* _Task item_:
The answer must be every line from the entries below that includes "medium".

* _The data_:
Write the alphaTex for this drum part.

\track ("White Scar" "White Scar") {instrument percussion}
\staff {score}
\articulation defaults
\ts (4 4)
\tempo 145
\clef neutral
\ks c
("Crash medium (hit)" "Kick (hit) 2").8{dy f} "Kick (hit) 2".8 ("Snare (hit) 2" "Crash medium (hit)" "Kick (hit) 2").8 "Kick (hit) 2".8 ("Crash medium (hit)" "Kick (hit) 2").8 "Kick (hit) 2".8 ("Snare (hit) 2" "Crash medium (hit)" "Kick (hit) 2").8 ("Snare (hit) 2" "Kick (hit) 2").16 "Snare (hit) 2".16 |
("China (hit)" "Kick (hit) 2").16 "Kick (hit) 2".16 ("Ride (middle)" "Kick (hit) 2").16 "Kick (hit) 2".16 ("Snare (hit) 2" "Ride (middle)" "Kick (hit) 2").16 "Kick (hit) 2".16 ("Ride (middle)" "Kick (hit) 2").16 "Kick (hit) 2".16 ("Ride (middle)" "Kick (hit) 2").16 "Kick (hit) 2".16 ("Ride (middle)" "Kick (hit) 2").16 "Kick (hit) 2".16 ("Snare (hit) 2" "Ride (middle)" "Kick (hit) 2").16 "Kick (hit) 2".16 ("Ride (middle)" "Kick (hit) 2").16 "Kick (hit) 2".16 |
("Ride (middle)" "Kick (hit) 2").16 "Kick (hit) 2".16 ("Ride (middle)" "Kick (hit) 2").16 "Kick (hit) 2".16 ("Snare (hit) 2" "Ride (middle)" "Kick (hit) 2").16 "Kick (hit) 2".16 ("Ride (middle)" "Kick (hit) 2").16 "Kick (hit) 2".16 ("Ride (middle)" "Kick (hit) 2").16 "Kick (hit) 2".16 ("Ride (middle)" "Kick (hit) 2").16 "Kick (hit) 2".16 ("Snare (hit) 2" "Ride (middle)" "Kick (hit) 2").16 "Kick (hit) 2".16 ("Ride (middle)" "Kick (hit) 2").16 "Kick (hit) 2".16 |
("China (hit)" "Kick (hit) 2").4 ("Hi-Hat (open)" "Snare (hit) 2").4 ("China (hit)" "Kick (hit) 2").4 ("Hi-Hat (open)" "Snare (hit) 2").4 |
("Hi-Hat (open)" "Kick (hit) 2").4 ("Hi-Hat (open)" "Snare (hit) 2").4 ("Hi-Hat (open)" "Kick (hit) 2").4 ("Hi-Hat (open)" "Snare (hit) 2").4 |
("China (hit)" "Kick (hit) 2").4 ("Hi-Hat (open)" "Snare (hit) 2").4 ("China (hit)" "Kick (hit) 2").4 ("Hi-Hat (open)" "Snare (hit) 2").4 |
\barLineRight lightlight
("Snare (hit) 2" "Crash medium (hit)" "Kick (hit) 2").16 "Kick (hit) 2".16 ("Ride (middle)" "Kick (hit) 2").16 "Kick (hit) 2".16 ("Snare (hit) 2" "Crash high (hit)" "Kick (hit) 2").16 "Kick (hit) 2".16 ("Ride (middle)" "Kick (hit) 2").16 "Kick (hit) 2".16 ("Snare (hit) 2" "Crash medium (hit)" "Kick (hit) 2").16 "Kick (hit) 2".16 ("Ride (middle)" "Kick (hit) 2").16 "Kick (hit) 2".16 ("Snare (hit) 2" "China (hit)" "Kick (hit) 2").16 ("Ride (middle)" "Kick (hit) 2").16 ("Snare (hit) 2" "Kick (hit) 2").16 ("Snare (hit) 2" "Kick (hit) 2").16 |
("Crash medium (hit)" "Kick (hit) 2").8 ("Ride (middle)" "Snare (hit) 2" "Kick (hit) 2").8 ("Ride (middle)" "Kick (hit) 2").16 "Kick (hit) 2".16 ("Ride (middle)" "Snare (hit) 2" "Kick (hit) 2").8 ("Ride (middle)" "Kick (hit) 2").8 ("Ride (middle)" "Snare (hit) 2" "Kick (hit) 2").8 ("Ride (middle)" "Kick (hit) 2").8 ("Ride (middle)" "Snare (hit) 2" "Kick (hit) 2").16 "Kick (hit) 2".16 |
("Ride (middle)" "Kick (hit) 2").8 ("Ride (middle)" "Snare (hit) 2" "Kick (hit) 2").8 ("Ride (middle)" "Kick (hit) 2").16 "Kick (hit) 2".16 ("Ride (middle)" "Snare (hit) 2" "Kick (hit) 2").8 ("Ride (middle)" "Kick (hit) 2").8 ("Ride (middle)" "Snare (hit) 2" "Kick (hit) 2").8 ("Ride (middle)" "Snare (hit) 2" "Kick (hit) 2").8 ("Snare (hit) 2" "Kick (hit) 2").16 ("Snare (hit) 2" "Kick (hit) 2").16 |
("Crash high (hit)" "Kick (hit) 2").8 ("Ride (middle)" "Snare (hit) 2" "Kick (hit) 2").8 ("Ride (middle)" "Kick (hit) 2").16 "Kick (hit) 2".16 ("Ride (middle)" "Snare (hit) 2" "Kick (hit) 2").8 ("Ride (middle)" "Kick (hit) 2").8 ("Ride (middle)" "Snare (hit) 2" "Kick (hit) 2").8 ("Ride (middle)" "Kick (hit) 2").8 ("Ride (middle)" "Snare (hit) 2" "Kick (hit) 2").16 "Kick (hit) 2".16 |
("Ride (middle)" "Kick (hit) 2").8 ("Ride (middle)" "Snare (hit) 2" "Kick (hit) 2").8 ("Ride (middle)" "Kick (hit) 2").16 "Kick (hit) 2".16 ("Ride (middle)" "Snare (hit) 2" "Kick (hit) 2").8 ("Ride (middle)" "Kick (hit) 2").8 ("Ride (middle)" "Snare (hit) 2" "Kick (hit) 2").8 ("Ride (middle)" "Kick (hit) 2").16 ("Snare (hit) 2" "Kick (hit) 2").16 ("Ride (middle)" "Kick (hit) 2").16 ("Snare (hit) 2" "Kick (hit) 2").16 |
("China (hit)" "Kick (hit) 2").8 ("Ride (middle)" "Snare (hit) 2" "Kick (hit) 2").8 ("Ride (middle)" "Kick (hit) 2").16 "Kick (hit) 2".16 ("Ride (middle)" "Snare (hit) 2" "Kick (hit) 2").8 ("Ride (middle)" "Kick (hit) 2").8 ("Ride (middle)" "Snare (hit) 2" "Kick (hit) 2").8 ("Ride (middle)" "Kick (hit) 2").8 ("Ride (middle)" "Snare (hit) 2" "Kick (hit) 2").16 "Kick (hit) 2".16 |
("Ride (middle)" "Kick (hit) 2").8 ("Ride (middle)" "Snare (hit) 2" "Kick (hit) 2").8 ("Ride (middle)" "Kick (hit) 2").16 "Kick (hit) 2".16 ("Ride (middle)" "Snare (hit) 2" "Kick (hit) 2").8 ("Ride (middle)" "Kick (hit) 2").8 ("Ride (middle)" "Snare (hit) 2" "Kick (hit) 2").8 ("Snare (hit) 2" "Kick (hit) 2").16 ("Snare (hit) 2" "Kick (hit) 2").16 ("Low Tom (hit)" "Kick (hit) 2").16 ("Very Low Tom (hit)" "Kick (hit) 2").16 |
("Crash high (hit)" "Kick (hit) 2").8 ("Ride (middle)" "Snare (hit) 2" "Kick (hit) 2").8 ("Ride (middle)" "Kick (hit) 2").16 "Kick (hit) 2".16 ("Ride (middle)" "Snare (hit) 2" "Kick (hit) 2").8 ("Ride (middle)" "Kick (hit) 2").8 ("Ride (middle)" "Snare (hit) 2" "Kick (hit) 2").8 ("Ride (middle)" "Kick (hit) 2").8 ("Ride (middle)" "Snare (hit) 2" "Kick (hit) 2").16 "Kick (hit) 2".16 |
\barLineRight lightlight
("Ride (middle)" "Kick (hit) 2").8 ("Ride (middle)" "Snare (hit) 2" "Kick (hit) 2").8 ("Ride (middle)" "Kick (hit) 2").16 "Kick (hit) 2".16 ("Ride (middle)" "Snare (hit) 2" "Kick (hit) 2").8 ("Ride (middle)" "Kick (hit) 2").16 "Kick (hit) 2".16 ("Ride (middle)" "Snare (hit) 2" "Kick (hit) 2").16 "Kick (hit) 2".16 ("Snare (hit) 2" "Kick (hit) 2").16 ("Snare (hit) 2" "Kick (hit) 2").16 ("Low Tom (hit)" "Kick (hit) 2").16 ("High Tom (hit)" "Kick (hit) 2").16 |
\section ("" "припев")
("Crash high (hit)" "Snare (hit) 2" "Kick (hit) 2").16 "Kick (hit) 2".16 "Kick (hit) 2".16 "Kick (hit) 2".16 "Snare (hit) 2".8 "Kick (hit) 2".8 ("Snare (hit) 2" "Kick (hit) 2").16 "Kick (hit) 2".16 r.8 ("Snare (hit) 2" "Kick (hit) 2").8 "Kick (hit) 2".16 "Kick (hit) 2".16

* _Result of the exercise_:
("Crash medium (hit)" "Kick (hit) 2").8{dy f} "Kick (hit) 2".8 ("Snare (hit) 2" "Crash medium (hit)" "Kick (hit) 2").8 "Kick (hit) 2".8 ("Crash medium (hit)" "Kick (hit) 2").8 "Kick (hit) 2".8 ("Snare (hit) 2" "Crash medium (hit)" "Kick (hit) 2").8 ("Snare (hit) 2" "Kick (hit) 2").16 "Snare (hit) 2".16 |
("Snare (hit) 2" "Crash medium (hit)" "Kick (hit) 2").16 "Kick (hit) 2".16 ("Ride (middle)" "Kick (hit) 2").16 "Kick (hit) 2".16 ("Snare (hit) 2" "Crash high (hit)" "Kick (hit) 2").16 "Kick (hit) 2".16 ("Ride (middle)" "Kick (hit) 2").16 "Kick (hit) 2".16 ("Snare (hit) 2" "Crash medium (hit)" "Kick (hit) 2").16 "Kick (hit) 2".16 ("Ride (middle)" "Kick (hit) 2").16 "Kick (hit) 2".16 ("Snare (hit) 2" "China (hit)" "Kick (hit) 2").16 ("Ride (middle)" "Kick (hit) 2").16 ("Snare (hit) 2" "Kick (hit) 2").16 ("Snare (hit) 2" "Kick (hit) 2").16 |
("Crash medium (hit)" "Kick (hit) 2").8 ("Ride (middle)" "Snare (hit) 2" "Kick (hit) 2").8 ("Ride (middle)" "Kick (hit) 2").16 "Kick (hit) 2".16 ("Ride (middle)" "Snare (hit) 2" "Kick (hit) 2").8 ("Ride (middle)" "Kick (hit) 2").8 ("Ride (middle)" "Snare (hit) 2" "Kick (hit) 2").8 ("Ride (middle)" "Kick (hit) 2").8 ("Ride (middle)" "Snare (hit) 2" "Kick (hit) 2").16 "Kick (hit) 2".16 |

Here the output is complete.